Over time I've settled on eating animal products sourced from the most free-range, cageless places that my budget could allow for; for carbon's sake, eating as little red meat as my body could endure; eating less food of all types that I know comes from hyper-exploitative supply chains; and eating less meat in general. In turn, I am working on resolving my complex, warring impulses about leather — and fur by extension. On the one hand, right now it's very hard for me to find these things from nearby places where the animals are both treated well and also will actually be eaten, and my owner and I are not in a position to hunt or raise these creatures ourselves. On the other hand, as I wrote further up, leatherwork is a skill set worth preserving, and animal hides and pelts are durable sources of warmth and protection that will matter in the time-to-come. When the industrial capitalist machine finally breaks for good, which may happen in this lifetime, people in many places will fast lose the luxury of finding plastic leather substitutes that wear out quickly. I think it's worth investing in more reliable options right now, even if it can leave me with a queasy feeling.

Is this the only right way, or the least wrong way? I doubt it. But it is my way. I am certainly accumulating a ritual debt to kine, and to certain other animals, and as I write this, I know that I am past due to build proper rites of praise to the animals who give us leather, just as I have wanted to sing my praise to the human-animals who work that leather into magic.

Leatherworkers, I thank you. Leathergivers, I thank you.

[1] This is definitely messy, murky territory insofar as leather organizations claiming a pedigree back to the "Old Guard" era often do not feature the consent politics that contemporary kinksters expect. This is one of the main reasons why leather and kink overlap but are not perfectly identical. Nevertheless, while I often mistrust self-described Old Guard institutions and avoid using the term in my own kink affiliations, I have respect for the contributions of leatherfolk, especially original queer leatherfolk, from what's considered the Old Guard era.

[2] Quite the contrary, since vanilla sex in the sense of hegemonically normative, unnegotiated copulation is an experience I have no intention of ever having again.

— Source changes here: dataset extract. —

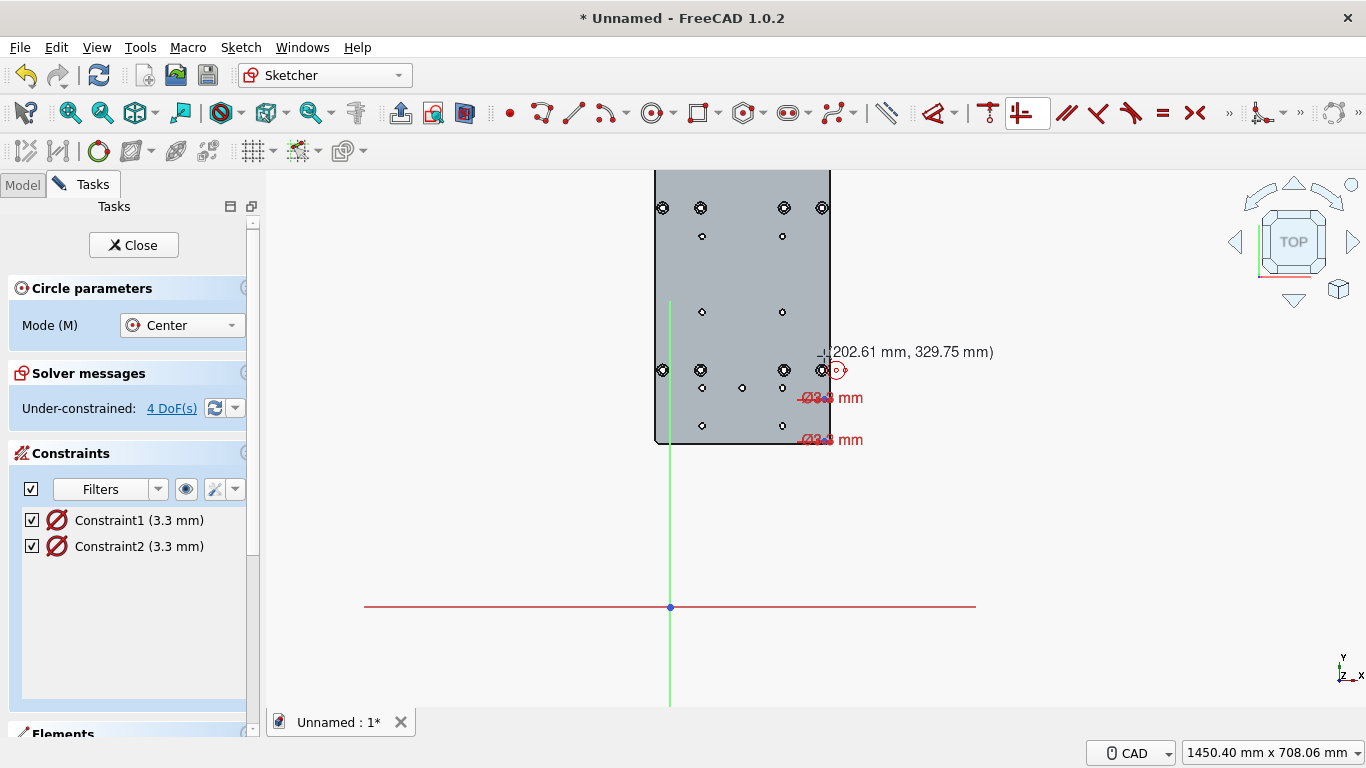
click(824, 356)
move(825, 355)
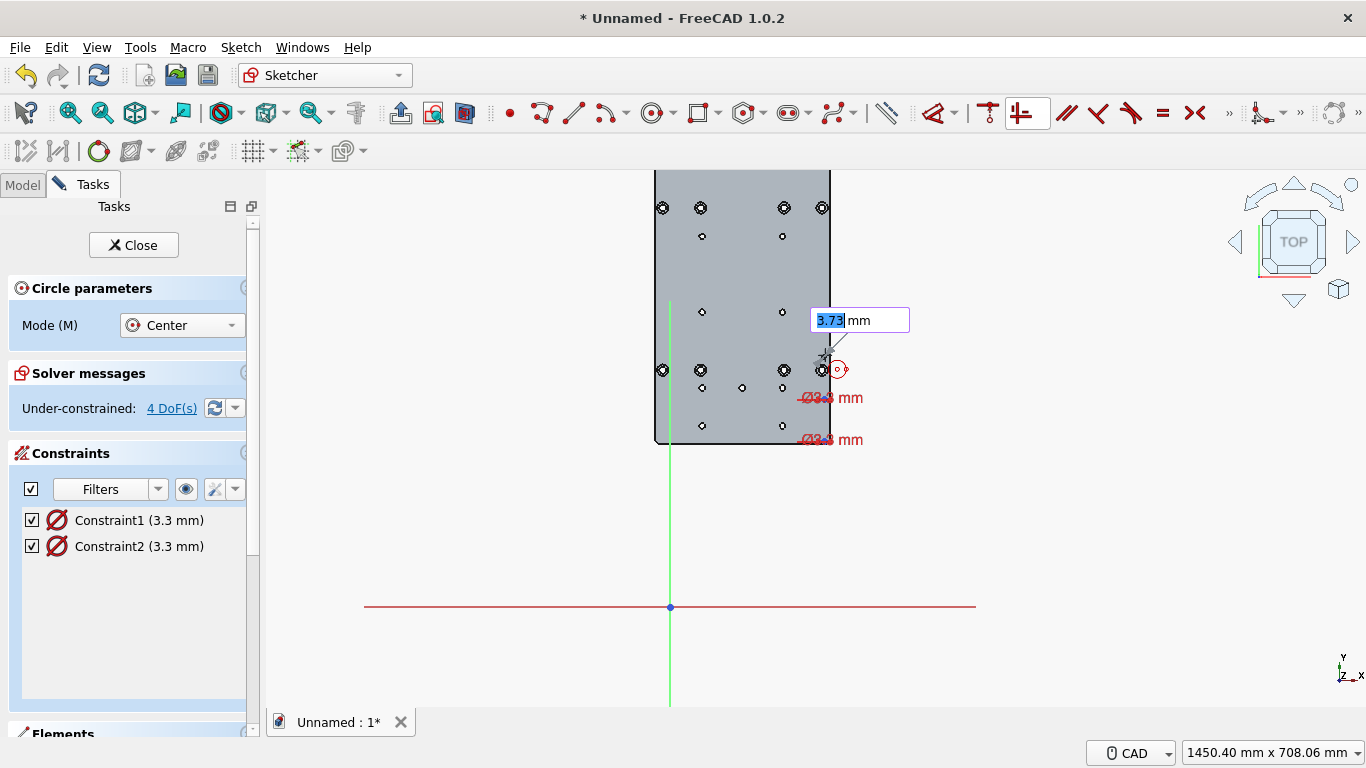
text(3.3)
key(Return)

[3] Of course some people are sensitive to tannins, and when consumed or absorbed in excessive amounts the essentially medicinal properties of tannins turn, like all things, to poison. While I'm no statistician, I wouldn't say this makes traditional oak tanning any riskier than dealing with the smoke of a blacksmith's forge or the metal and wood dust of other crafts. Newer methods of tanning are far more toxic, however, which I address above.

[4] I believe in the case of very large bovines like bison, or bigger.

[5] If you are interested in more information about brain tanning, here is one of the guides I've consulted in learning about the practice. Be warned there are graphic images. For a more general introduction to traditional tanning methods with easier viewing, this is a good start.

[6] Kine is the true plural of cow in the sense of all genders of cow, unlike cattle as the plural for females.

[7] As I cannot eat peanuts or most tree nuts, my plant-based protein sources are largely restricted to other legumes. As I viscerally dislike the taste of most soy products besides soy sauce and experience inflammation from too much soy intake already, that narrows my plant proteins further to things like beans and lentils. But while those could maybe suffice, my heavy menses now leave me chronically iron-deficient, which can be partially addressed through iron-rich vegetables and ferrous sulfate tablets — but in the end, I will always veer into anemia if I don't acquire true heme iron. I usually rely on eggs, fish, poultry, and pork for this, but about once a week I allow myself some beef or lamb.


I hope this was not a difficult read for anyone, but I am open to dialogue if it was. Thank you for reading in any case. Next week I will have a much less fraught post concerning writing as a devotional art, although the week afterward I will be venturing right back into challenging territory on the topic of violence — any and all violence. Until then, be well.